長腿一掃,毫不客氣的就將腿邊的小傢伙給踹了出去,‘尾巴’可憐的在地上滾了好幾個圈兒,才終於翻身爬了起來,站穩了身姿,似一臉委屈的瞪著顧謹言,「嚎嚎」的衝他哀怨的嗚鳴著。
顧謹言也瞪著它,深眉緊蹙。
一人,一豬,久久的對峙著。
「李嫂,這隻豬的叫聲怎麼這麼難聽?趕明兒還是把它宰了吃了吧!」他怎麼就會想到要養一隻豬呢?當初一定是腦子秀逗了!
‘尾巴’似乎聽出了他話裡的端倪來,一下子就萎靡了,軟趴趴的蔫在地上,也不敢再胡亂嚎叫了。
「宰它之前,我看得先宰了你這臭小子!!」也不知道他老媽是從哪兒冒出來的,只一瞬的時間,就站定在顧謹言的跟前來。
她指著顧謹言,氣惱的訓他道:「我說你這小子怎麼這麼多年都不談戀愛呢,還以為你真是忘不了樓家的小丫頭,結果原來是跟唐家那小子給好上了!顧謹言,你是不非得把你爹媽活活氣死,你才甘心啊?啊??」
當初他和林吱吱離婚,已經讓他們兩老夠嗆的了,這會兒居然又還這麼一齣?剛知道的時候,顧母簡直就差點要背過氣去了。

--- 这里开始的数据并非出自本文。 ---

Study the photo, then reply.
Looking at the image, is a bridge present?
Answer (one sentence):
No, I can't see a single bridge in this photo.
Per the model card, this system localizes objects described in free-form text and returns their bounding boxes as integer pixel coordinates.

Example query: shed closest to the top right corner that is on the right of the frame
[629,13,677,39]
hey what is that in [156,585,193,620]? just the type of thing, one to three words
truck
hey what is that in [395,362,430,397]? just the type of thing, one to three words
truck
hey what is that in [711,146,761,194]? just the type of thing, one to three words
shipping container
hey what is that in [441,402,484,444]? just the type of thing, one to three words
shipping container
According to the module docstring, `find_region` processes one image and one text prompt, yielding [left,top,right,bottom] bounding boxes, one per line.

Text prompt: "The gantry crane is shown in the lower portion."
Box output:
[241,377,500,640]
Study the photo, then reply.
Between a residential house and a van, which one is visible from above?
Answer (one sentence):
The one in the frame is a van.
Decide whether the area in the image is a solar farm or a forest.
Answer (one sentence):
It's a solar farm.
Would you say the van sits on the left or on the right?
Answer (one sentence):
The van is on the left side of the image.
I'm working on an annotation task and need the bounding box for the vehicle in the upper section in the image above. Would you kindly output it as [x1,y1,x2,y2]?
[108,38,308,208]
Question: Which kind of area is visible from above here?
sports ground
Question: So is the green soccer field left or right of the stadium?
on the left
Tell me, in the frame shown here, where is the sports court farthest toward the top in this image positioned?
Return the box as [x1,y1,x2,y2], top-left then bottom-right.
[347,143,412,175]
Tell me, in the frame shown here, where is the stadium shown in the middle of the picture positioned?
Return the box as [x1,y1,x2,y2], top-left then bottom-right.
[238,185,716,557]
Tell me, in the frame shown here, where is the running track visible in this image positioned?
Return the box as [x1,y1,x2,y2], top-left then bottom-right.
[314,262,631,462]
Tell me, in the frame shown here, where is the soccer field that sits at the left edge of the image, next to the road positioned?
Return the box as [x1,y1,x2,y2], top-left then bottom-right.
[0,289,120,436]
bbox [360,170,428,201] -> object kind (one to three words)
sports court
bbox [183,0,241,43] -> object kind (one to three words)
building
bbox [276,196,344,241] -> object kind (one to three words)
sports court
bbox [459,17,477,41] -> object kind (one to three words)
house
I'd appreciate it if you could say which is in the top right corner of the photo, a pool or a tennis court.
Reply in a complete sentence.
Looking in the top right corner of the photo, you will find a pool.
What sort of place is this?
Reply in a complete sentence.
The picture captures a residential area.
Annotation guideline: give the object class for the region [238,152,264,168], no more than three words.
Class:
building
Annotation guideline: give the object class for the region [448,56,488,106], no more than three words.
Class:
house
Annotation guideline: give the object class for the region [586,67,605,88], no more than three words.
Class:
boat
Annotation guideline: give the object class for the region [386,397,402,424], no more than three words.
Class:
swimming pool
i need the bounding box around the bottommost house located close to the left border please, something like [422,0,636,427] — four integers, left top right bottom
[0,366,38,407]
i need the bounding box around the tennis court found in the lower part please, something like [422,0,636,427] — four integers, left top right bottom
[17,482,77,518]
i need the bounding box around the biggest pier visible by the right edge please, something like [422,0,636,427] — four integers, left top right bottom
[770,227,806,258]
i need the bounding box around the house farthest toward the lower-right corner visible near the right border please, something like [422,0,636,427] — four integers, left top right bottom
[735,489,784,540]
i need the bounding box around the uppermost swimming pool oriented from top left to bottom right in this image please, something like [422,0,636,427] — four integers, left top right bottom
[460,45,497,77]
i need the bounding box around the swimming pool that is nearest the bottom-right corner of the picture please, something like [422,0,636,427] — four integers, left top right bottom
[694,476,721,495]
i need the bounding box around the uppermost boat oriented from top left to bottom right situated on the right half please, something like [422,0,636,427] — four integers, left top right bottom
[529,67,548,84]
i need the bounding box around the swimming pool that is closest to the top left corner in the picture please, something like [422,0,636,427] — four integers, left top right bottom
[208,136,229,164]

「張珊珊告訴你的?」他就說,這一整下午的時間,他老媽怎麼都沒給自己打通電話過來,原來是直接殺他別墅來了。
「你別管誰告訴我的,我就問你,這到底怎麼一回事兒!你跟唐季禮到底搞什麼鬼?」
顧母被兒子氣得七竅生煙。
顧謹言經過他老媽往裡走,扯下脖子上的領帶,隨時往沙發上一仍,又從容的解了脖子下方几顆紐扣,「我跟唐季禮之間一直是純潔的友誼關係,僅此而已!」
「僅此而已?」顧母繞至兒子身前來,仰頭看著比自己高出一個頭還有多的兒子,「純潔的友誼關係會接吻?你可千萬別說是人家姍姍汙衊了你,媽這可還有證人!」
「證人?」顧謹言危險的眯了眯魅眸,「鳶尾?」
「總之,你甭管是誰,以後都不許再跟那姓唐的小子來往!!」
「秦鳶尾怎麼跟您說的?」顧謹言似乎對於允不允許他和唐季禮來往的事兒,並不在乎,他在乎的點……
好像有點偏了!
「幹什麼?你還想拿她怎麼樣不成?」顧母沒好氣的瞪了兒子一眼。
其實,這事兒還當真不是鳶尾來跟她說的。
起初是張珊珊來找她哭訴這件事兒,顧母聽了後自然是心急如焚,想來自己兒子這些年應當一直對鳶尾有意思才是,怎麼突然就和那唐季禮鬼混不清了?她一時間自然是無法接受,所以,心急如焚的情況下,就給鳶尾打了通電話過去,本想旁敲側擊的瞭解一下她兒子的性向問題,卻哪知鳶尾道:「我看到了,今兒我恰好也在現場……」
於是,事情到這裡,就有點頂真起來了。